### Task requirements
What lines of the data below hold the string "block"? Copy each one.

### Material provided
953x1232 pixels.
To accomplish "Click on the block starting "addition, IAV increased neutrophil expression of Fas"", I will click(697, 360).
...
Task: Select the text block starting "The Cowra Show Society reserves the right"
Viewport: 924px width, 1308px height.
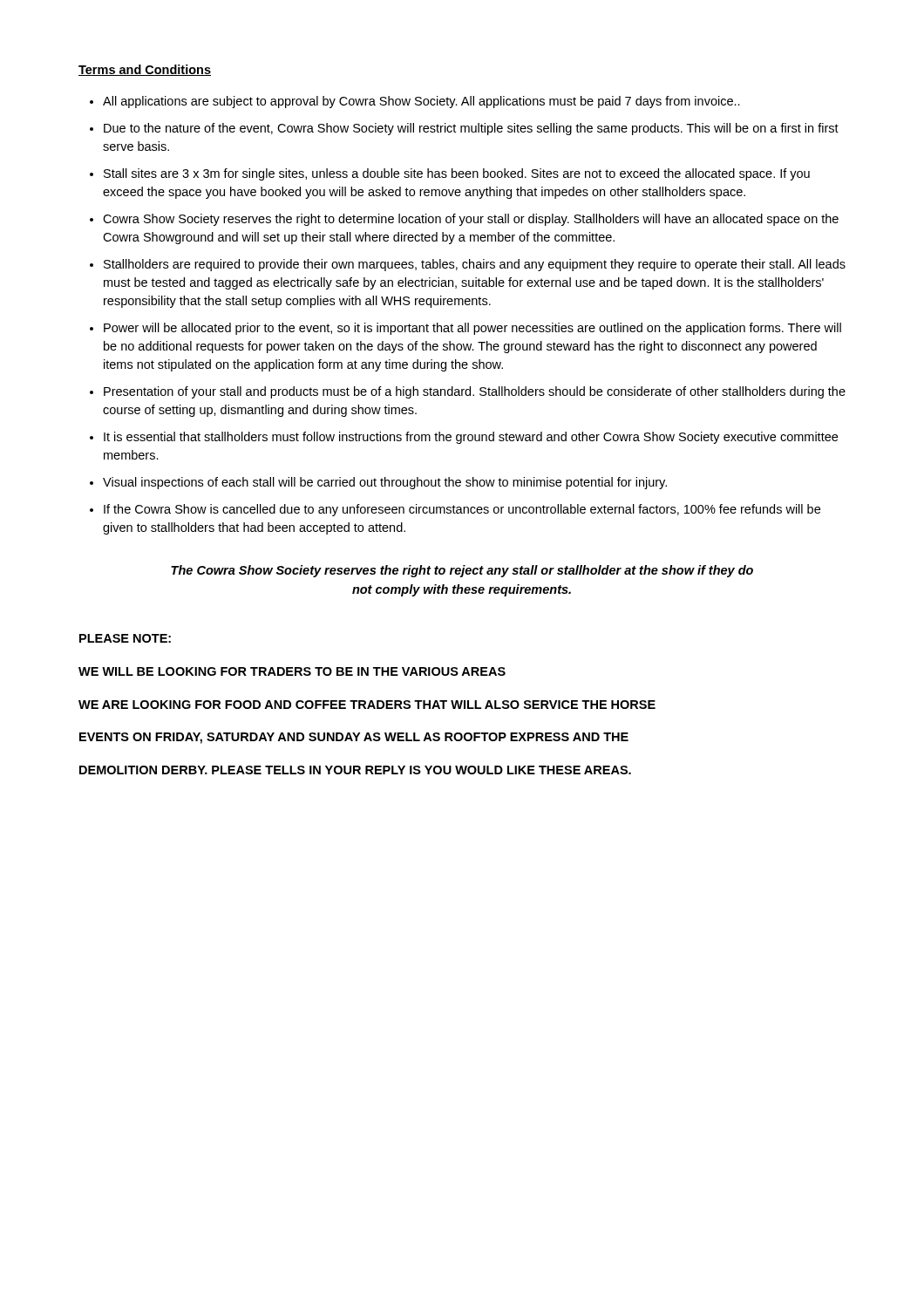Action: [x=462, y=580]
* * *
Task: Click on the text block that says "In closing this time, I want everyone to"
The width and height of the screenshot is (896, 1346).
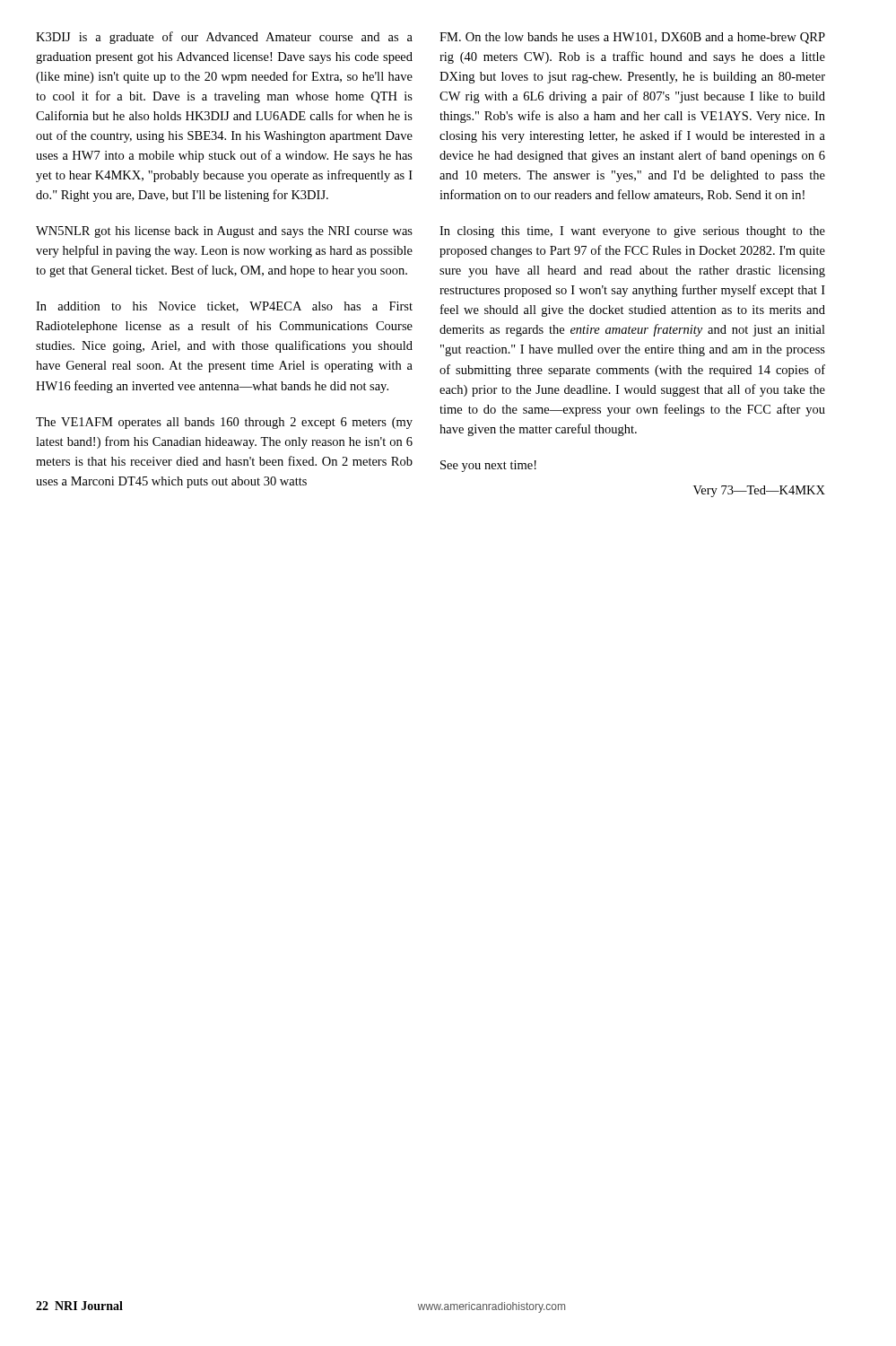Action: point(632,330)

### Problem solution
To accomplish "Click on the block starting "addition, IAV increased neutrophil expression of Fas"", I will click(697, 360).
Task: Select the text block starting "The Cowra Show Society reserves the right"
Task: Click on the text block that says "In closing this time, I want everyone to"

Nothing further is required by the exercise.